ACTION ITEM: Counting every line in the entries below where the word "example" occurs, report how many there are. Give only that number.

::: DATA SUPPLIED

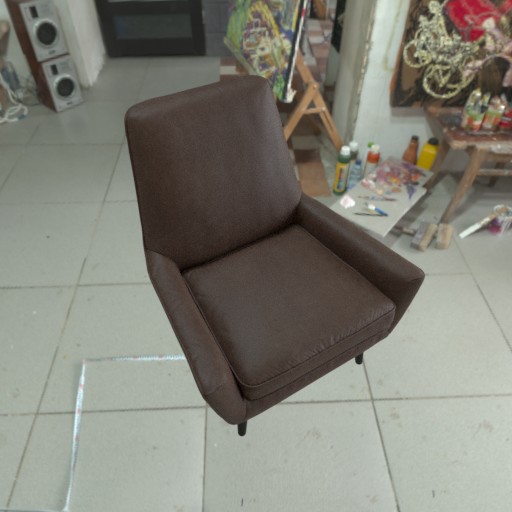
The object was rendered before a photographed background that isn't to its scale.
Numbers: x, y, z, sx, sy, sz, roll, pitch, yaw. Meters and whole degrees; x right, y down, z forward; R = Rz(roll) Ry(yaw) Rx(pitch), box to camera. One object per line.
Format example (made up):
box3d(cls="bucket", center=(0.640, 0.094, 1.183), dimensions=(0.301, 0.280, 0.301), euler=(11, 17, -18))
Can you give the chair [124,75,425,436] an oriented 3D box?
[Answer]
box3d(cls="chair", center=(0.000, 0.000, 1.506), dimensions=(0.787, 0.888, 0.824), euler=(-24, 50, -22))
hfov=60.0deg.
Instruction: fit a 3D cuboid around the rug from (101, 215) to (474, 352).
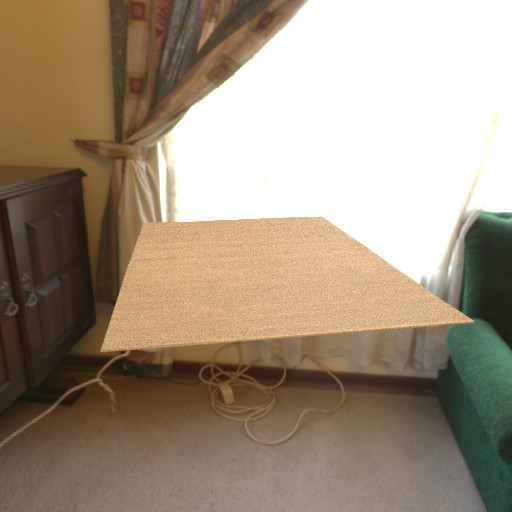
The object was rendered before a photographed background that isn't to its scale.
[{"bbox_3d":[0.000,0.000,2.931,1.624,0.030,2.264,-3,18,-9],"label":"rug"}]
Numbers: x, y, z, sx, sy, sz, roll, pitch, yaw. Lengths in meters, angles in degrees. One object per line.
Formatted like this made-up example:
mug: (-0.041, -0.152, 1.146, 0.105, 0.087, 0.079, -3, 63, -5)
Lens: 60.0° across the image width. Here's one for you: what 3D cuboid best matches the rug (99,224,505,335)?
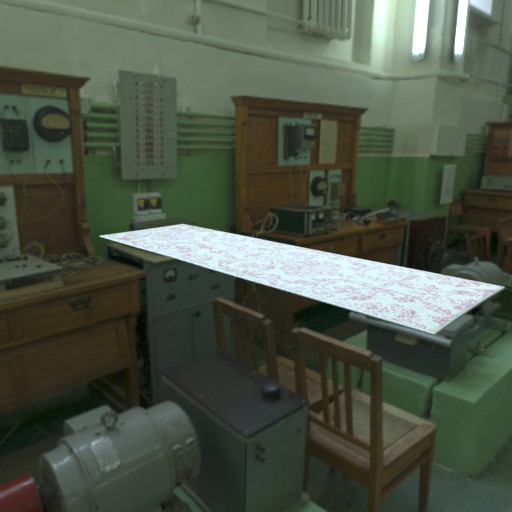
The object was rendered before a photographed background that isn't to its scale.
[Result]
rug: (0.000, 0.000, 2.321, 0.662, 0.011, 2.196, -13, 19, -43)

::::::

ANSWER SECTION: 2